(Excerpts from a dataset)
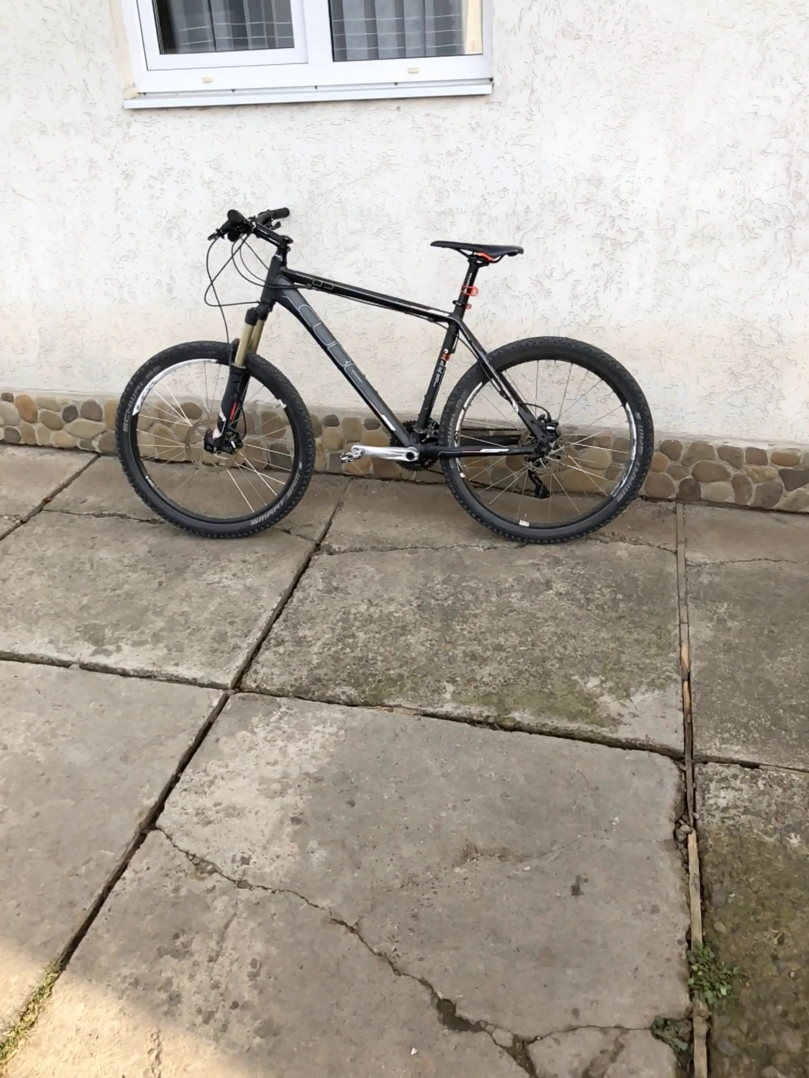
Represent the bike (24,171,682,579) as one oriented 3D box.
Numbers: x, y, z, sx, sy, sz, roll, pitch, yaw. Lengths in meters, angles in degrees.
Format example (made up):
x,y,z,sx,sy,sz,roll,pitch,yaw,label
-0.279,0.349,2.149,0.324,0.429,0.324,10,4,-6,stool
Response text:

#### [WHAT TO WORK ON]
A word-for-word copy of all the records above is required, with the pictures left out.

#### [RESPONSE]
Represent the bike (24,171,682,579) as one oriented 3D box.
Numbers: x, y, z, sx, sy, sz, roll, pitch, yaw. Lengths in meters, angles in degrees.
Format example (made up):
x,y,z,sx,sy,sz,roll,pitch,yaw,label
-0.279,0.349,2.149,0.324,0.429,0.324,10,4,-6,stool
Response text:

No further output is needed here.